Retirees Expect Their Home to Be a Financial Safety Net. They Shouldn’t.

Retirees Expect Their Home to Be a Financial Safety Net. They Shouldn’t.


Homeownership has historically been the most common way for families to grow wealth and pass it on. Homeowners aged 70 and older hold $13 trillion in housing wealth, or roughly one out of every four dollars’ worth in the country, according to a March analysis by the real estate platform Redfin.

With the youngest baby boomers now 62 — the earliest age for claiming Social Security retirement benefits — many expect that wealth to keep them financially secure as they age, acting as a source of capital to fall back on if they need it.

This can be a risky strategy, new research shows.

A paper from the Federal Reserve Bank of Philadelphia found that older homeowners, particularly those 70 and up, earn lower prices when they sell than their younger counterparts. The gap increases with age; an average 80-year-old seller would likely get paid 5 percent less than a 45-year-old, all other factors being equal.

In the most extreme scenario, a home that fetches a significantly lower price can limit people’s future living options, if they wish to downsize a large house or need nursing care, according to real estate professionals and financial advisers. “The real question is, where are they transitioning to?” said Dan Sudit, wealth adviser and partner at Crewe Advisors in Salt Lake City.

A lower sale price could mean the difference between buying into a retirement community versus renting, or a smaller apartment. “It might not be a two-bedroom or a one-bedroom, but might wind up being a studio-type unit,” Mr.
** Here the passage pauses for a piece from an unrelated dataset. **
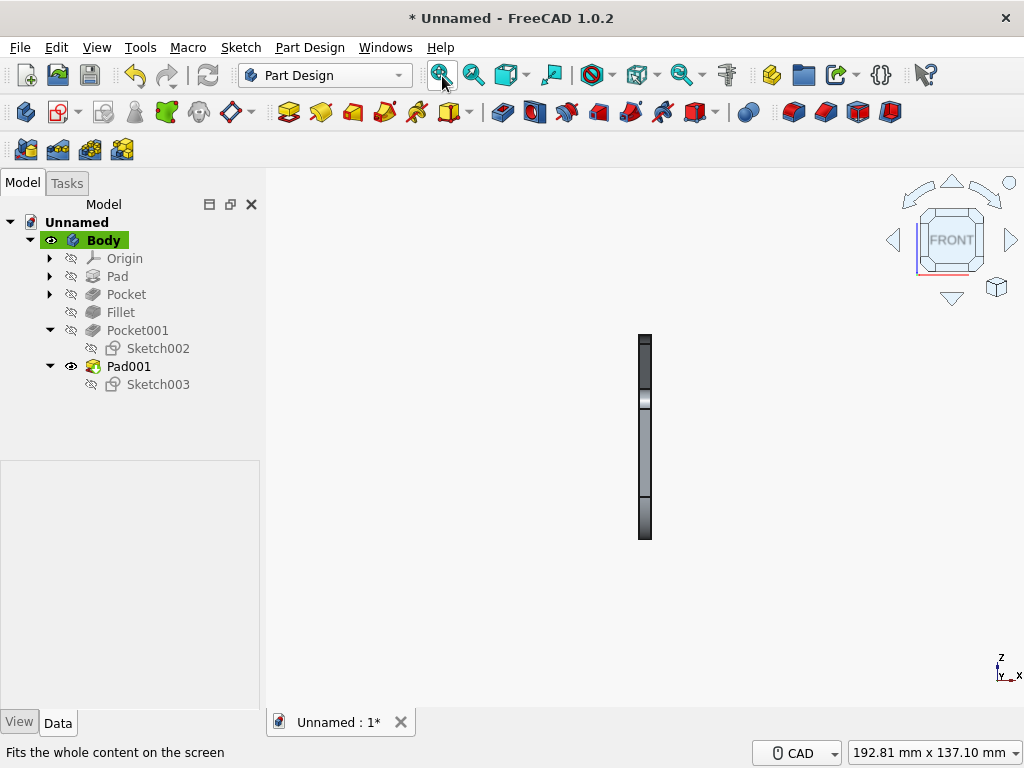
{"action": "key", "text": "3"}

Sudit said.

One reason behind the age-price gap identified by researchers is that, compared with younger homeowners, older homeowners don’t invest as much in their properties. This can take the form of less renovation, more deferred maintenance and higher rates of disrepair. About 25 percent of the difference in sale prices is attributable to this discrepancy.

“Unless something’s broken, they don’t fix it,” said Amy Bubes, a real estate agent in Atlanta. She said homeowners, especially those who have been in the same house for decades, have a tendency to look past flaws like peeling paint and water damage that would jump out to a prospective buyer. “If it’s not bothering them, they don’t really see it,” she said.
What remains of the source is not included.